Unsupervised text augmentation using Pre-trained Paraphrase Generation
Published: (Preprint), 2023
Citation: (Preprint) Abhishek Divekar, Mudit Agarwal, Srujana Merugu, and Nikhil Rasiwasia. "Unsupervised text augmentation using Pre-trained Paraphrase Generation".
Abstract:
Unsupervised text augmentation has gained attention in recent years, as approaches which use pre-trained models to produce high-quality augmentations (such as Backtranslation [48]) are replacing simple rule-based noising to attain SOTA performance in fully- and semi-supervised settings [53]. Such approaches have benefits over other model-based text augmentations, as they are applicable to most natural language tasks and their efficacy does not rely on the availability or quality of ground-truths.
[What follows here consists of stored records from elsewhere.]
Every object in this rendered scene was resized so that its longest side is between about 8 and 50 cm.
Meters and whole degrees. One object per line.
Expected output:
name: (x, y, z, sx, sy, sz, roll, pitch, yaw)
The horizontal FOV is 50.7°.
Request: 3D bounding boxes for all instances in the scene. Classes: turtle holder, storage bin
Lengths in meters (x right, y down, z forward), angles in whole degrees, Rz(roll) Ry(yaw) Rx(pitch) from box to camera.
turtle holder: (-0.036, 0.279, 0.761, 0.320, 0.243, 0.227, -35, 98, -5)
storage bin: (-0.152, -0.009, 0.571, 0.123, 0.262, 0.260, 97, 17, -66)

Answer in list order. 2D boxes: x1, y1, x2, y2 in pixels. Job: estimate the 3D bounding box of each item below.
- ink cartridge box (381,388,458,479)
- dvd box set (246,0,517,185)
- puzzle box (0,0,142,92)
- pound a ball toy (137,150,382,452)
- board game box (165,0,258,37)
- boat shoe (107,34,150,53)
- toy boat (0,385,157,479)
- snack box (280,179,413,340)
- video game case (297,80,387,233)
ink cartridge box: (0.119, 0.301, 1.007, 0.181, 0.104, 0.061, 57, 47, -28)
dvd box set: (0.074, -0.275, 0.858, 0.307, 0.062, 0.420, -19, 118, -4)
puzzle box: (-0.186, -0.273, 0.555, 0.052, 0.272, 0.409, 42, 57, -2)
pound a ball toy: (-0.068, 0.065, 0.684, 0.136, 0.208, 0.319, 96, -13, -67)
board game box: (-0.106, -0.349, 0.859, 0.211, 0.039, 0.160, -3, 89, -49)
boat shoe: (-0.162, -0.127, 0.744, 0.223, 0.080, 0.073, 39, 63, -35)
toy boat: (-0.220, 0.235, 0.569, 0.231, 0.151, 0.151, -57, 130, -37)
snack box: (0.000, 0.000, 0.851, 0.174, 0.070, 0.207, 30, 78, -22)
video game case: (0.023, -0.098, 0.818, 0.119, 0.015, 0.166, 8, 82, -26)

However, it is difficult to ensure augmented covariates are neither homogeneous nor invalid. To address this, we introduce GROK Score, an unsupervised metric which measures the paraphrase quality of generated text: fluency, semantic fidelity and diversity. When used to re-rank and filter outputs from Beam Search decoding on pre-trained generative models, GROK captures a small subset of diverse generations, which are used as augmentations. We evaluate this strategy in realistic scenarios: “challenging” Amazon Product classification problems from the CPP MultiModal corpus (2.75-3.87 ROC-AUC below the average) with limited text data. Our results indicate that GROK requires 69.5% fewer augmented samples to match the performance of Backtranslation and rule-based Easy Data Augmentation (EDA) [51] across six classification algorithms. Additionally, tuning the GROK-filtering threshold using K-Fold cross-validation leads to an average lift of 0.28 ROC-AUC, improving performance over both EDA and Backtranslation for all algorithms, while requiring 30% fewer augmented samples (achieving 0.53 ROC-AUC lift for VowpalWabbit and 1.10 for WideAndDeep). Human evaluations comparing GROK to prominent metrics like BLEU, METEOR and ROUGE validate our hypothesis that GROK promotes text generations having high diversity, indicating its utility beyond augmentation.